Il documento sulla sicurezza economica dell'Unione europea conferma la volontà di Bruxelles di rafforzare la propria indipendenza
Josep Borrell Ue (ANSA)

“Con la pandemia abbiamo scoperto che nemmeno un grammo di paracetamolo veniva prodotto in Ue. E ora stiamo riscontrando che non abbiamo abbastanza materie prime per produrre munizioni per l’Ucraina”. Le parole dell’Alto rappresentante dell’Unione europea per la Politica estera, Josep Borrell, spiegano molto delle basi su cui sorge la nuova strategia per la sicurezza economica. Si tratta di un primo step che non ha ancora nulla di particolarmente concentro. Il documento vero, stando alle dichiarazioni che giungono da Bruxelles, dovrebbe arrivare entro la fine dell’anno. Tuttavia, il segnale che giunge dall’Unione europea è eloquente: il timore di essere eccessivamente dipendenti dall’esterno, in particolare da potenze considerate rivali, è diventato un elemento essenziale della strategia del Vecchio Continente.

La crisi e il rischio dipendenza

L’emergenza ha dunque scosso l’Unione europea da una situazione su cui molti osservatori avevano lanciato l’allarme negli anni precedenti. Il blocco continentale di fronte alle crisi globali, non può reggersi su un sistema di interscambio necessario. Perché basta poco, qualsiasi elemento in grado di interrompere il flusso dell’approvvigionamento, per far sì che Bruxelles si trovi in una situazione di enorme difficoltà strategica.

Le quattro aree di intervento

A confermare questo timore strategico dell’Ue, le quattro aree individuate dal documento della Commissione come principali fattori di rischio:

  • Le catene di approvvigionamento e la sicurezza energetica;
  • La sicurezza legata alle infrastrutture critiche;
  • La sicurezza tecnologica;
  • Armi e dipendenze economiche che rendono possibile essere oggetto delle leve negoziali altrui.

I settori identificati dai funzionari Ue sono di fatto quelli la cui debolezza si è resa sempre più evidente nel corso degli ultimi anni.

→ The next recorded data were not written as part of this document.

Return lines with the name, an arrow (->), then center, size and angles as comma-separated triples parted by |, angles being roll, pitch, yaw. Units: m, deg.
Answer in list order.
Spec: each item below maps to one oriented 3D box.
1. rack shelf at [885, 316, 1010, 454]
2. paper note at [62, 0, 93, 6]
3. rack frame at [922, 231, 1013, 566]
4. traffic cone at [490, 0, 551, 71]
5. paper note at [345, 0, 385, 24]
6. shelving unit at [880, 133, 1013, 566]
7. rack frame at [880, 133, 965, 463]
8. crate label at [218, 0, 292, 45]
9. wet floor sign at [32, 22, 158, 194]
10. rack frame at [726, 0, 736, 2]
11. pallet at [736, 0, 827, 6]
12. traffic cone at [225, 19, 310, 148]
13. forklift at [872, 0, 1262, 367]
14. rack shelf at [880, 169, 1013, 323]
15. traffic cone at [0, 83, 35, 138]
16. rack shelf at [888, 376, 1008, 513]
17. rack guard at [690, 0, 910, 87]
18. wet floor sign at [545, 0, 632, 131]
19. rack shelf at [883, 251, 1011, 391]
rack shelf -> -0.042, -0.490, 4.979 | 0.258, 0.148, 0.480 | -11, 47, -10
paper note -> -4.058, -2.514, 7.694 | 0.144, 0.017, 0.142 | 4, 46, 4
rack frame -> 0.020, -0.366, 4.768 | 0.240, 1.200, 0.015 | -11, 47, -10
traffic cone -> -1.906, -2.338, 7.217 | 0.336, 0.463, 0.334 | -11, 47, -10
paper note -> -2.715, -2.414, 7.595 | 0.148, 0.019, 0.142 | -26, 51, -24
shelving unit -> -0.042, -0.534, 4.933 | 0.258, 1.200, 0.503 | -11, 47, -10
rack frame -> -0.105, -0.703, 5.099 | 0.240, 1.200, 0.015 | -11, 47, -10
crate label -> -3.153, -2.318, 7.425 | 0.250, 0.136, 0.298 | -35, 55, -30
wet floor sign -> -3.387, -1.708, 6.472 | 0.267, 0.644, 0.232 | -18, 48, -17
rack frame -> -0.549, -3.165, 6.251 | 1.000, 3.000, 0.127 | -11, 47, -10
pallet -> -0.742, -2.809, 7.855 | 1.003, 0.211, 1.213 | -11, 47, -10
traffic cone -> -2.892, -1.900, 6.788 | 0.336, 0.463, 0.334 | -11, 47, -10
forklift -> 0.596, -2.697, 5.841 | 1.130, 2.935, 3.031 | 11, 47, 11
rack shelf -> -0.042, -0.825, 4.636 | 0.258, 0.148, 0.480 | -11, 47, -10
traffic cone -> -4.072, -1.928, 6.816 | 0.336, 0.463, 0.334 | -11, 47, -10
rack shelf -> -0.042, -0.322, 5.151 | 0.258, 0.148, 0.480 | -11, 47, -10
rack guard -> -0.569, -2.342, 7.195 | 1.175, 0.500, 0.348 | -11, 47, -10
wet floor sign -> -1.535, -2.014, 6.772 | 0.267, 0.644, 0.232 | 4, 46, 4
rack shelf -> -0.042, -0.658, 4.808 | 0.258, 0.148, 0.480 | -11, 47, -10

E anche se l’Unione ha preferito non citare esplicitamente i Paesi terzi a cui si rivolge come potenziali “minacce”, è chiaro che dietro a questa apparenza vi siano soprattutto due giocatori, Cina e Russia, in cui il primo gioca un ruolo di primo piano nella scelta dell’agenda sulla sicurezza economica europea, senza dimenticare la rilevanza della guerra nella percezione del secondo.

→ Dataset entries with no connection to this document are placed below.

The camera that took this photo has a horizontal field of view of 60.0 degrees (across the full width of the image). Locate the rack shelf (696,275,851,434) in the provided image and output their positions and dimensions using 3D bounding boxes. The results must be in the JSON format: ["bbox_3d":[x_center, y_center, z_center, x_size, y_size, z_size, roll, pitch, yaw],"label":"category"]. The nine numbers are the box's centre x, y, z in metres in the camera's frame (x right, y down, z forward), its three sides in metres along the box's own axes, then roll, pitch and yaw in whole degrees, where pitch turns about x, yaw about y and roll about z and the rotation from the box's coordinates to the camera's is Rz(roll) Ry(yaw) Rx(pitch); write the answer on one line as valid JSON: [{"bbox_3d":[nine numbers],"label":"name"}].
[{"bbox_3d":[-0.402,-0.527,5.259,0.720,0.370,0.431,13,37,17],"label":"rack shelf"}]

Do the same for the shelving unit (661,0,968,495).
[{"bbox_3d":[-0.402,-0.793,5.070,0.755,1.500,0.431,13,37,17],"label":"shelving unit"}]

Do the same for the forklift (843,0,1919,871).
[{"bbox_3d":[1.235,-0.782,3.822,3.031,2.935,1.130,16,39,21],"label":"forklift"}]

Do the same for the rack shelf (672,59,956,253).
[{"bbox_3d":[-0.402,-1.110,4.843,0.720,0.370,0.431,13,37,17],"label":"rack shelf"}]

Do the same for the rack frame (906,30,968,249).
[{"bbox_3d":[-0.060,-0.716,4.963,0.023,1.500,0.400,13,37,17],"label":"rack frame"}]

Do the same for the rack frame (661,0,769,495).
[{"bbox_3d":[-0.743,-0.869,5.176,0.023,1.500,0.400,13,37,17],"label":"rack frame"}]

Un documento post-emergenza

Le cronache confermano che questa strategia europea segua di fatto il flusso degli eventi, realizzando una manovra che appare anche di emergenza. Le catene di approvvigionamento sono risultate estremamente fragili soprattutto nel primo periodo della gestione della pandemia, ma anche quando ci si è resi conto che la guerra ha modificato il rischio per alcuni flussi commerciali essenziali per l’Europa. La sicurezza energetica è stato un pilastro del periodo in cui si parlava della transizione energetica in chiave soprattutto ecologica, ma lo è diventata in maniera ancora più importante quando la guerra in Ucraina ha concretizzato la decisione di Ue e Occidente per sganciarsi dalla fornitura di gas e petrolio russi. La sicurezza delle infrastrutture critiche è un elemento su cui da anni gli analisti concordano come punto fondamentale del programma di sicurezza di qualsiasi potenza Nato e Ue: ma è solo con il conflitto e con i sabotaggi al Nord Stream, così come con la svolta della diversificazione energetica in diversi fronti europei che si è manifestata la vulnerabilità del Vecchio Continente davanti alla nuova realtà geopolitica.

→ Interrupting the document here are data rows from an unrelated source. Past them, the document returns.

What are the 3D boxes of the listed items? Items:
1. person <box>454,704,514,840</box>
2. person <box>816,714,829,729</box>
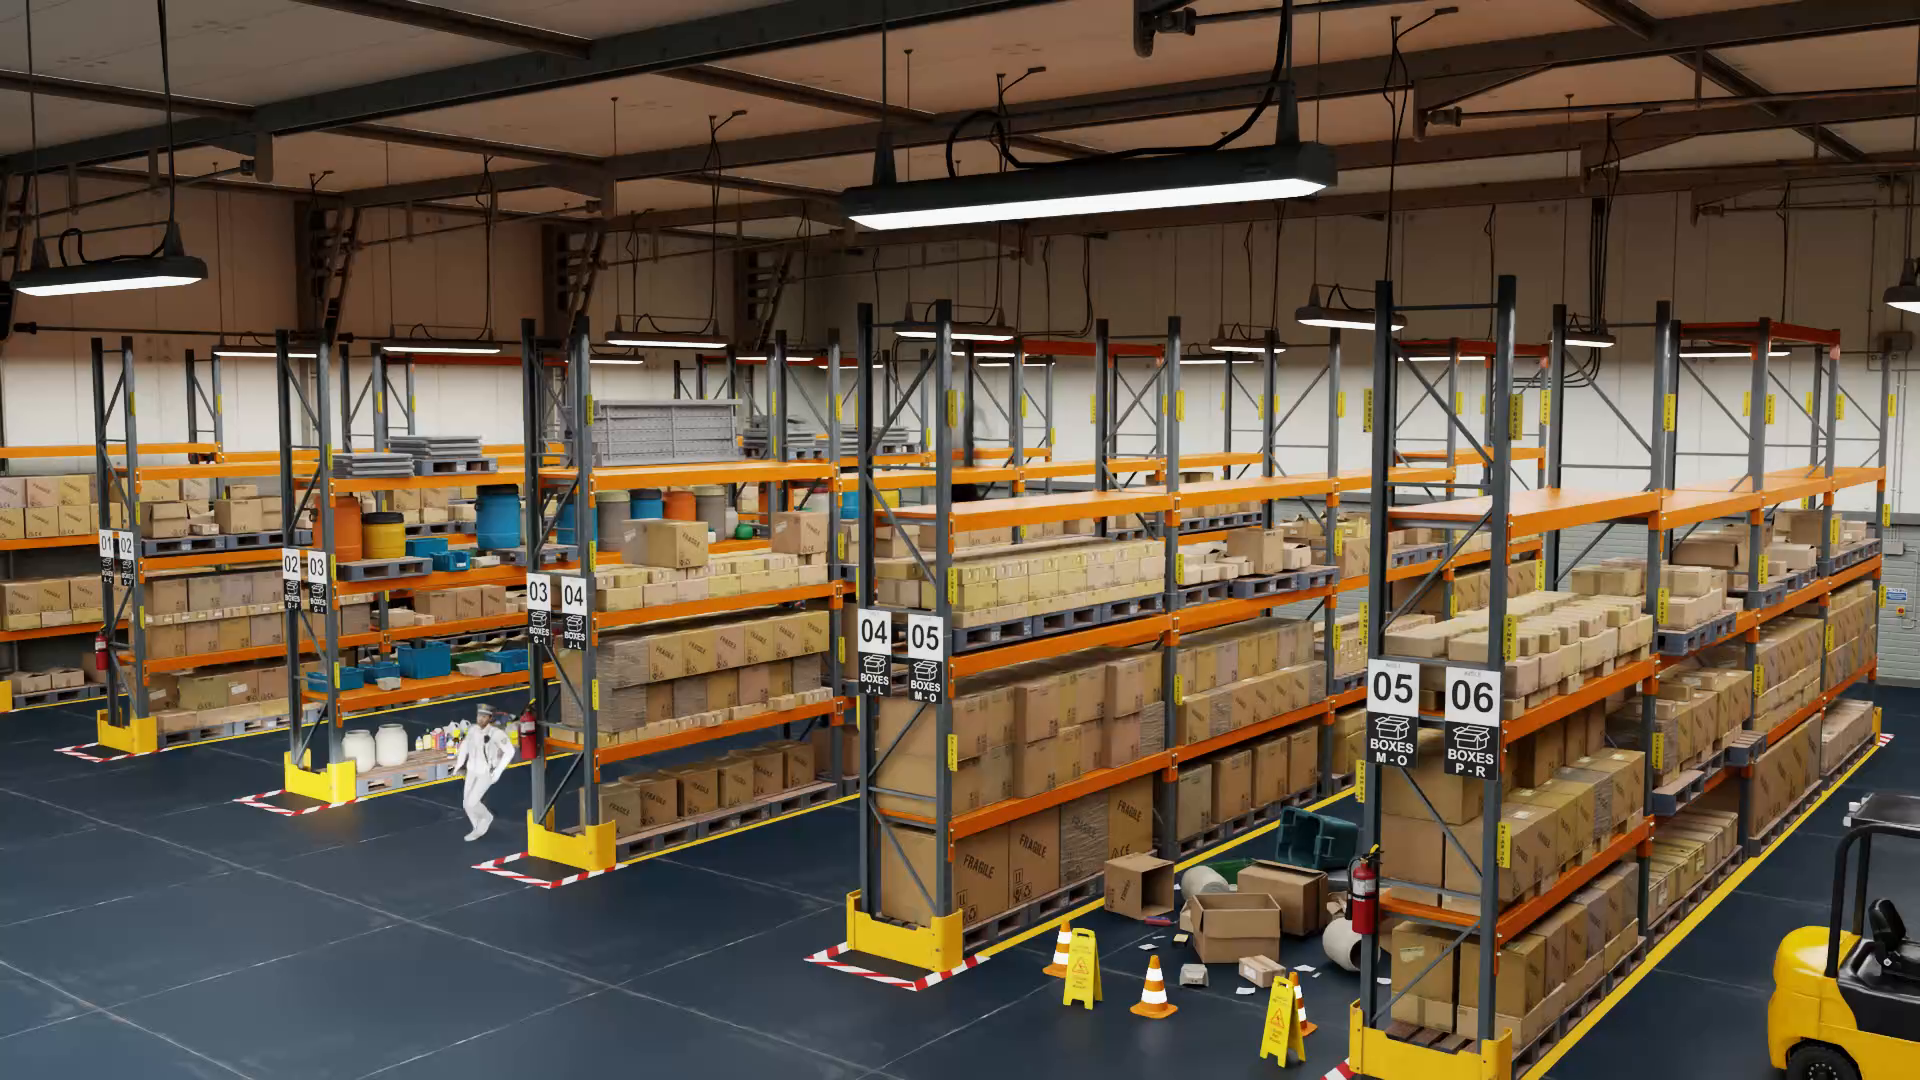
[{"bbox_3d":[-5.530,2.690,19.173,0.672,1.644,0.507,2,6,25],"label":"person"},{"bbox_3d":[-2.155,2.196,25.214,0.526,1.562,0.531,2,5,22],"label":"person"}]
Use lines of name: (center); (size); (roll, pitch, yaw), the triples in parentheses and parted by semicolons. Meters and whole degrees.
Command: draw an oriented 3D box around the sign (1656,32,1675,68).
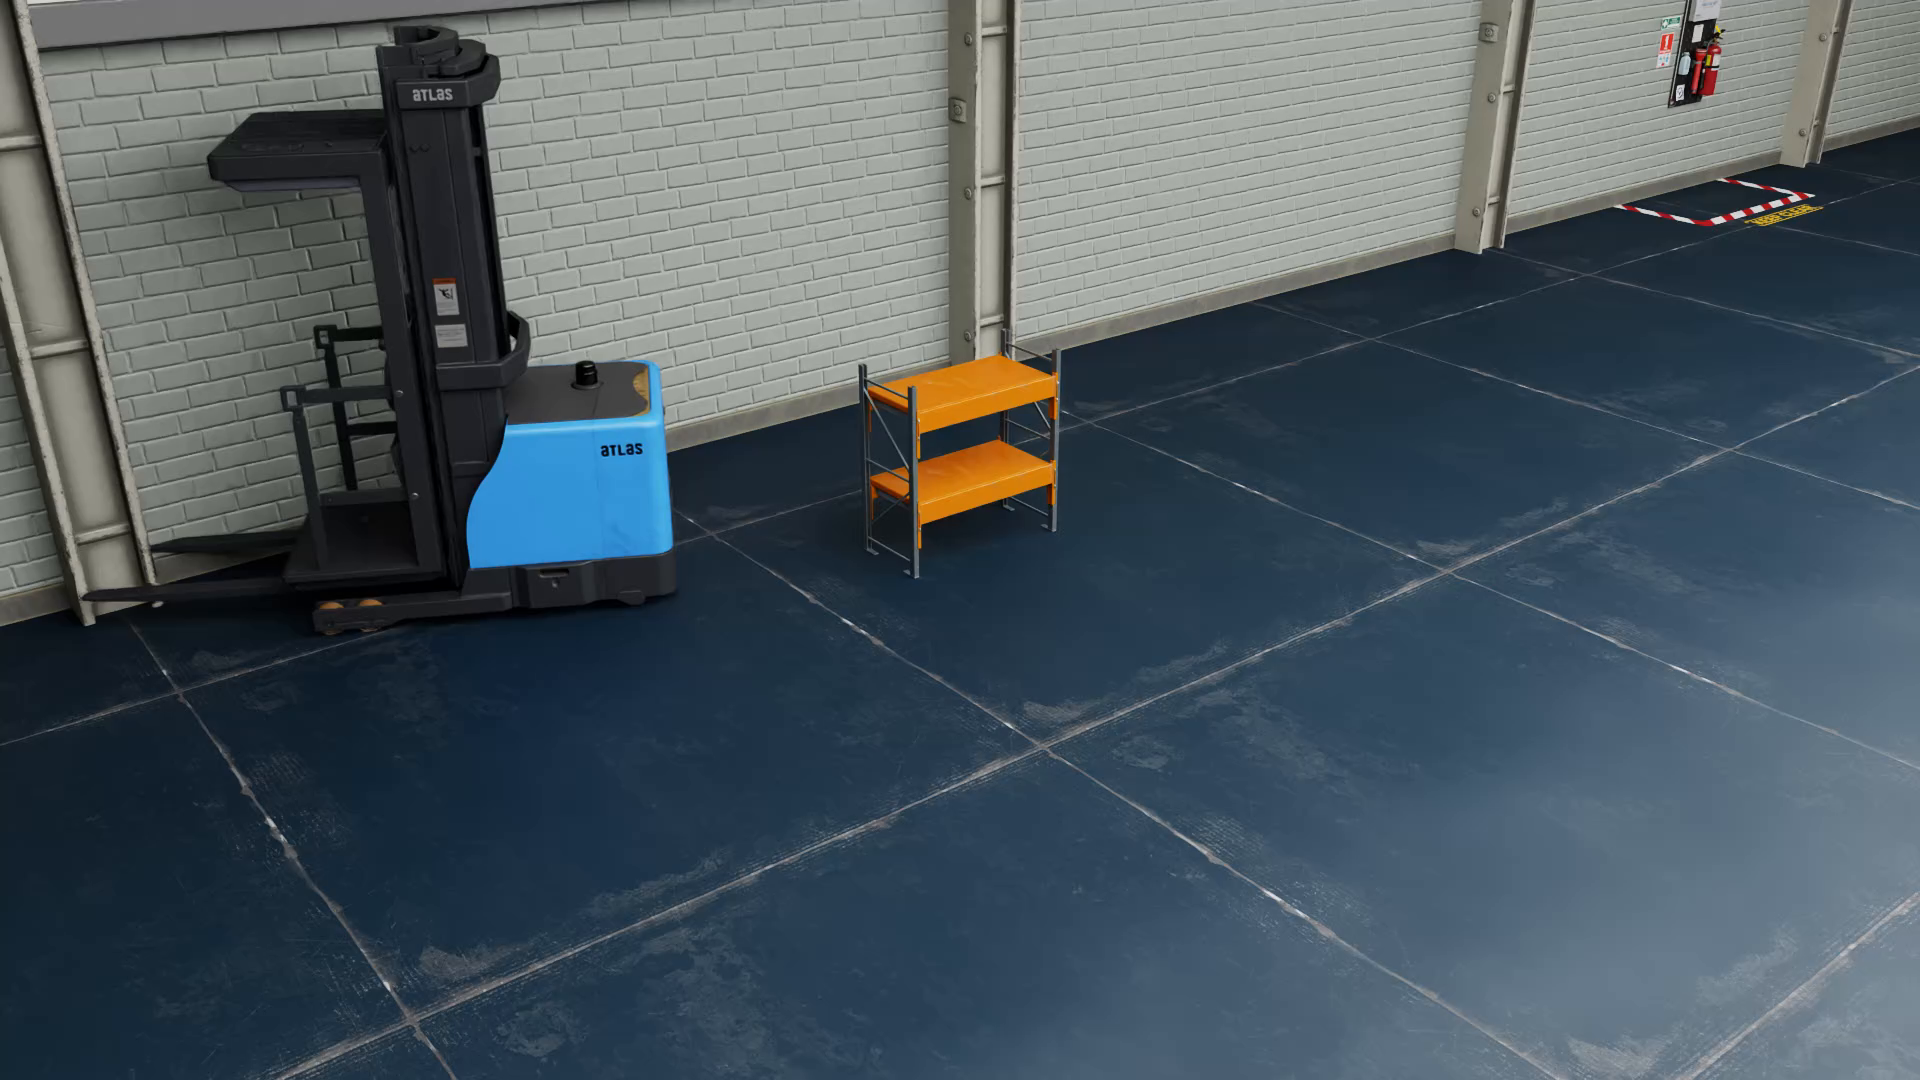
sign: (7.142, -4.961, 16.833); (0.234, 0.329, 0.001); (-18, 31, -34)

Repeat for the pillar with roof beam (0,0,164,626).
pillar with roof beam: (-1.900, -2.303, 4.022); (0.400, 9.000, 9.100); (-18, 31, -34)

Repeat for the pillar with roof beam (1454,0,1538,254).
pillar with roof beam: (7.543, -5.420, 10.739); (0.400, 9.000, 9.100); (-18, 31, -34)

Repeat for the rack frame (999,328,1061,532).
rack frame: (0.405, -0.644, 9.802); (0.032, 1.125, 0.500); (-18, 31, -34)

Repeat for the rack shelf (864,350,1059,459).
rack shelf: (0.005, -0.777, 9.394); (1.000, 0.278, 0.538); (-18, 31, -34)

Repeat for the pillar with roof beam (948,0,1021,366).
pillar with roof beam: (2.822, -3.861, 7.380); (0.400, 9.000, 9.100); (-18, 31, -34)

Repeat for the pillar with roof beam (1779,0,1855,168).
pillar with roof beam: (12.265, -6.978, 14.097); (0.400, 9.000, 9.100); (-18, 31, -34)

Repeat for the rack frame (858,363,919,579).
rack frame: (-0.395, -0.380, 9.232); (0.032, 1.125, 0.500); (-18, 31, -34)

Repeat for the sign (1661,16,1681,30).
sign: (7.151, -5.199, 16.718); (0.331, 0.109, 0.001); (-18, 31, -34)

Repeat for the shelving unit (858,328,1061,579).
shelving unit: (0.005, -0.512, 9.517); (1.048, 1.125, 0.538); (-18, 31, -34)

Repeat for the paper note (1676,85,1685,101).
paper note: (7.458, -4.631, 17.212); (0.142, 0.148, 0.016); (-18, 31, -34)

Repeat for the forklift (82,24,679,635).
forklift: (-3.097, -1.075, 8.585); (3.031, 2.935, 1.130); (-4, 25, -9)

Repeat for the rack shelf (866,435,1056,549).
rack shelf: (0.005, -0.290, 9.620); (1.000, 0.278, 0.538); (-18, 31, -34)

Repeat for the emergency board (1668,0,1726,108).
emergency board: (7.640, -5.054, 17.077); (0.643, 1.169, 0.194); (-18, 31, -34)

La guerra e le munizioni Ue

Infine, anche sul piano delle armi e delle munizioni, le difficoltà nel recepire materie prime è diventato un problema essenziale in particolare con la necessità di rifornire l’Ucraina di questi elementi. La guerra, un conflitto tradizionale e molto meno votato alla tecnologia rispetto alla pianificazione strategica dell’Occidente, ha rilevato le grandi difficoltà dell’industria Ue nel reperire risorse necessarie a produrre quantità sufficienti per gestire un conflitto di cui non è parte in causa. Confermando quindi l’idea che questi shock hanno costruito le basi per un documento strategico che rappresenta il futuro prossimo delle relazioni tra l’Ue e i giganti del mondo.